Antiochus VII said:
That sounds good except (if possible I haven't tested this to see if it works in practice) have it transport only foot units (space was limited) and drop the defense to 1 (the Vikings lost at sea to the English and Muslims frequently when those groups were ready for them) and also not cross ocean safely (the Vikings explored around the northern edge of the Atlantic and raided as far as Italy for sure but never ventured all that far out to sea in these craft.

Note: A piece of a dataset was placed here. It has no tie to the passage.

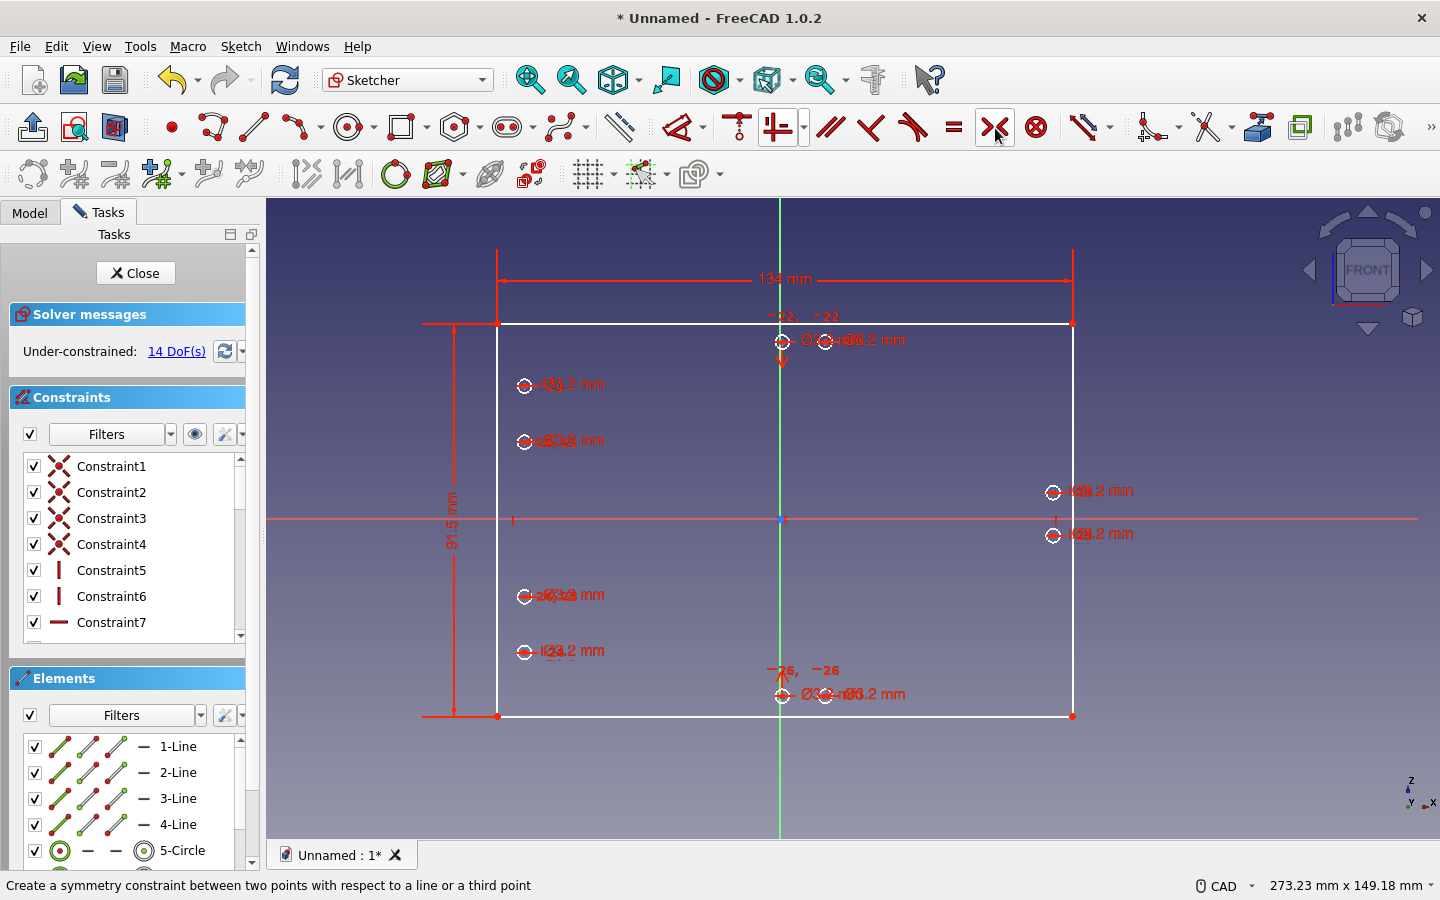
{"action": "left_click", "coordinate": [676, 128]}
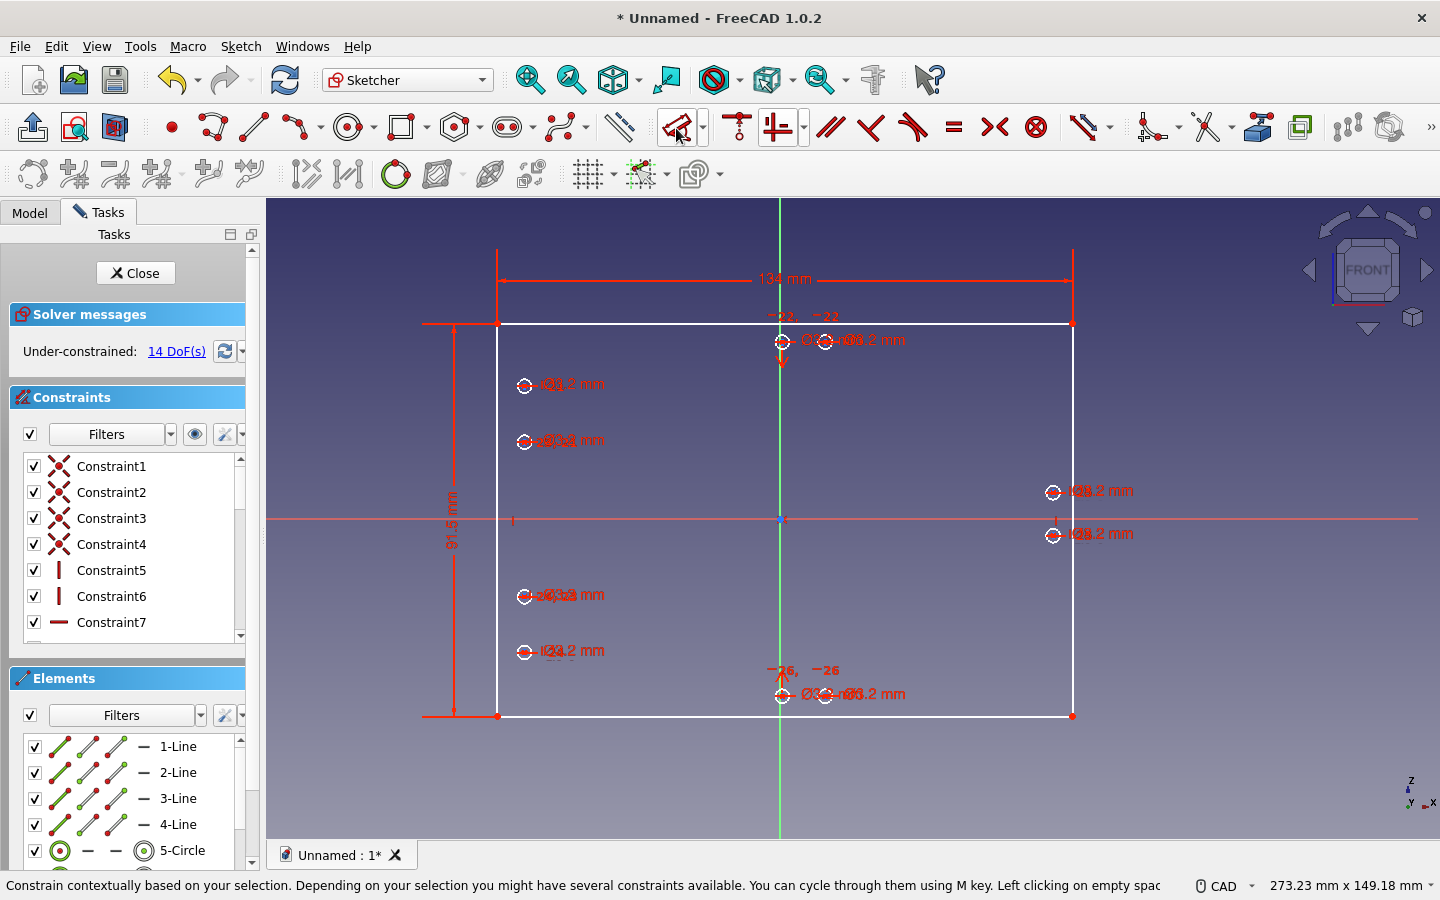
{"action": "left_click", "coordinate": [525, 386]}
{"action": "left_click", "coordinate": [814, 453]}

This is not at all correct.
The vikings lost at sea next to never. As far as I can recall their only significant defeats at sea where against other vikings. Their ships were simply too fast, agile and seaworthy. According to recent tests in Danemark, they were more then 50% faster then the 2nd fastest ship of the day. They raced a modern "americas cup" racing yacht and almsot beat it with a replica viking ship. This ship was handicapped by having the sail rigging not be as good as the vikings (since they don't yet know how to reproduce it) and a inexperianecd crew going against a seasoned crew in the racing yacht.
It was recently learned that these longboat hulls would hydroplane as speeds got over 12 knots, and they had a top speed somewhere in excess of 17 knots.
Additionally, they would unstep the mast before coming within sight of shore reducing the abiltity to see these ships from very low to all but nil.
These ships could also take far rougher seas then their contemporaries. The hull construction was such that the longboat would "swim" through the waves rather then fight them, and so rough seas were less of a threat.
As for crossing the sea. They did so frequently. They colonized the far reaches of the world. Iceland, Greenland, America. They sailed across the north sea on an all too frequent basis. This is a deep ocean with very rough waters.